Conservare contanti in casa non è una buona idea: oltre al pericolo dei furti rischi il controllo del Fisco

Se siamo soliti tenere in casa un cospicuo ammontare di liquidità, rischiamo l’accusa di evasione fiscale? Scopriamo cosa dice la Legge in proposito.

Custodire liquidità tra le mura di casa, soprattutto quando in quantità cospicua, è diventata un’abitudine sempre meno diffusa. Tuttavia, sono ancora numerose le persone che preferiscono farlo, attraverso una cassaforte, oppure nicchie sotto chiave protette e, a volte, video-sorvegliate e monitorabili da remoto, se non quand’anche attraverso il buon vecchio sistema del materasso.

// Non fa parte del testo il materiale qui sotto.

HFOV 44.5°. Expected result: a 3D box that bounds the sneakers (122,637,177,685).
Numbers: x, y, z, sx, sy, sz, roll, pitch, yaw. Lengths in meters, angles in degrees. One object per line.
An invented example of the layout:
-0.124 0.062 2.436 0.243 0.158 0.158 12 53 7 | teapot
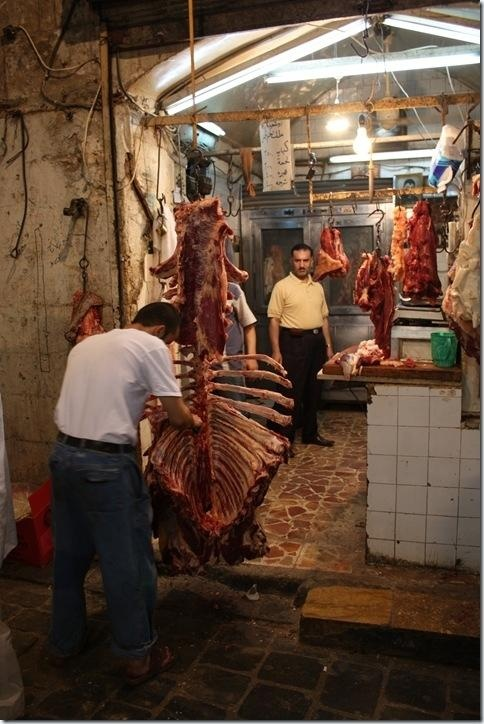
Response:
-0.414 1.340 2.646 0.109 0.101 0.242 4 7 25 | sneakers

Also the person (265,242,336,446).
0.614 -0.153 6.200 0.614 2.131 0.882 1 7 25 | person

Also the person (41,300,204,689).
-0.567 0.628 2.585 0.691 1.524 0.331 -2 6 -1 | person

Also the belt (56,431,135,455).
-0.641 0.355 2.518 0.338 0.105 0.206 -2 6 -6 | belt

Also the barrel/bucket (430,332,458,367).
1.198 -0.080 3.467 0.194 0.206 0.184 -1 7 0 | barrel/bucket

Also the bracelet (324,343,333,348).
0.969 -0.190 6.562 0.089 0.054 0.084 -1 -10 40 | bracelet
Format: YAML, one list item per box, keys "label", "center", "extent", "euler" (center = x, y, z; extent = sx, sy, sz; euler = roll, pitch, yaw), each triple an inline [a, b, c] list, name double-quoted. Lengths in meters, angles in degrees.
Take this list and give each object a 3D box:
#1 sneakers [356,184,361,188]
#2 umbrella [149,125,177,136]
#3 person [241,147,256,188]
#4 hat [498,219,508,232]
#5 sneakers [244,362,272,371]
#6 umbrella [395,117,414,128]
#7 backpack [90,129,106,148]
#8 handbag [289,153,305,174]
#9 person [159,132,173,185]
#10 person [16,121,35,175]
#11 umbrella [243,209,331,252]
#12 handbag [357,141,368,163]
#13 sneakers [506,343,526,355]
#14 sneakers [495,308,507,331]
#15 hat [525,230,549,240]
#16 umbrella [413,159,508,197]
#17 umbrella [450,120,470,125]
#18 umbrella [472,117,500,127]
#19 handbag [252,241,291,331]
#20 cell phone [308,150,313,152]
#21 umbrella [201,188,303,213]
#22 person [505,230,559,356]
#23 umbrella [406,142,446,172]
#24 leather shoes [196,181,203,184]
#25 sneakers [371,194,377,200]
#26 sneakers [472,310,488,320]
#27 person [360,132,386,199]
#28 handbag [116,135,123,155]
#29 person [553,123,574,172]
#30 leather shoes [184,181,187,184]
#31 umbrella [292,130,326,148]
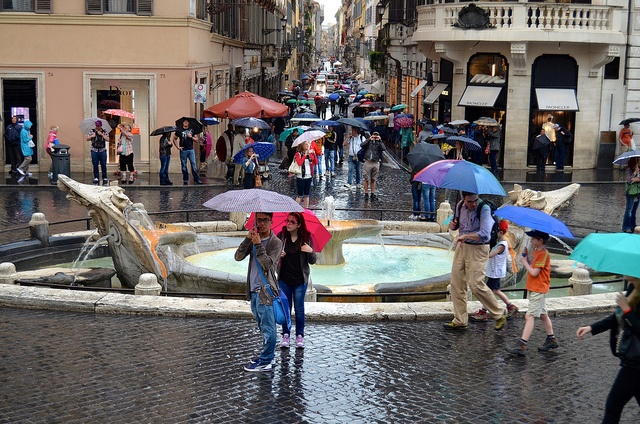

Contanti conservati in casa, cosa si rischia
Contanti conservati in casa, cosa si rischia – ascoli.cityrumors.it

Tuttavia i rischi, lo sappiamo, ci sono: tanto che si viva in città quanto – e soprattutto – in piccoli paesini, innanzitutto si viene a sapere; dunque il rischio di intrusioni furtive in casa alla ricerca del “bottino” è tutt’altro che da sottovalutare. Ma non solo: cosa ne pensa il Fisco? In caso di controlli, rischiamo l’accusa di evasione? E quando questi controlli possono essere effettuati legittimamente?

Ebbene, è importante essere al corrente di ciò che dice la legge a riguardo. Dunque cominciamo da un principio: custodire i propri risparmi in casa non è illegale. E non c’è un limite fissato dalla legge per il contante. Tuttavia, è essenziale essere in grado di motivare e di poter dimostrare la provenienza legittima della liquidità, in modo da non dare adito a dubbi sulla natura potenzialmente indebita ed illecita dell’accumulo trattenuto alle autorità preposte che dovessero effettuare controlli. 

Quando e come possono essere effettuati controlli e la presunzione di ricavi in nero

Perché la Polizia oppure la Guardia di Finanza dovrebbero venire a frugare in casa nostra? Ebbene, sono circostanze “limite”, piuttosto estreme, ma che possono capitare in due casi specifici.

Cosa rischiamo nei confronti del Fisco se teniamo molti contanti in casa: ecco cosa dice la Legge
La presunzione di ricavi in nero ricade sulla liquidità di cui non si riesca a provare la provenienza – Ascoli.CityRumors.it

Il primo, quando un giudice o un pubblico ministero lo abbiano autorizzato; il secondo, quando sussistano fondati motivi di ritenere che sia in corso un reato, o che il corpo del reato o elementi ad esso pertinenti si trovino nella casa da ispezionare e non ci sia tempo utile per attendere il mandato del giudice.

Dunque, a meno che non sussistano sospetti gravi, la perquisizione non avviene. Tuttavia, quando la perquisizione in casa viene effettuata e le autorità scoprono la liquidità, è quasi automatico che si proceda per successive indagini di accertamento della sua provenienza attraverso la Procura della Repubblica competente e l’Agenzia delle Entrate.

Non si incorre in problemi però se esiste prova scritta della loro provenienza, ad esempio perché sono stati prelevati dalla banca, oppure frutto di un risarcimento, o ancora di una donazione o di una vincita, ed è possibile dimostrare la corrispondenza tra quanto dichiarato al Fisco e quanto rinvenuto.

Inoltre, esiste la presunzione di ricavi in nero: essendo oggi i pagamenti effettuati prevalentemente in modalità tracciabile e vigendo un limite al pagamento in contanti, tutto ciò che non risulta risalire alla propria attività lavorativa viene presunto come guadagno in nero, quindi illecito. Dunque anche in questo caso è essenziale poter dimostrare come si sia giunti in possesso del danaro in modo del tutto legittimo e dovuto.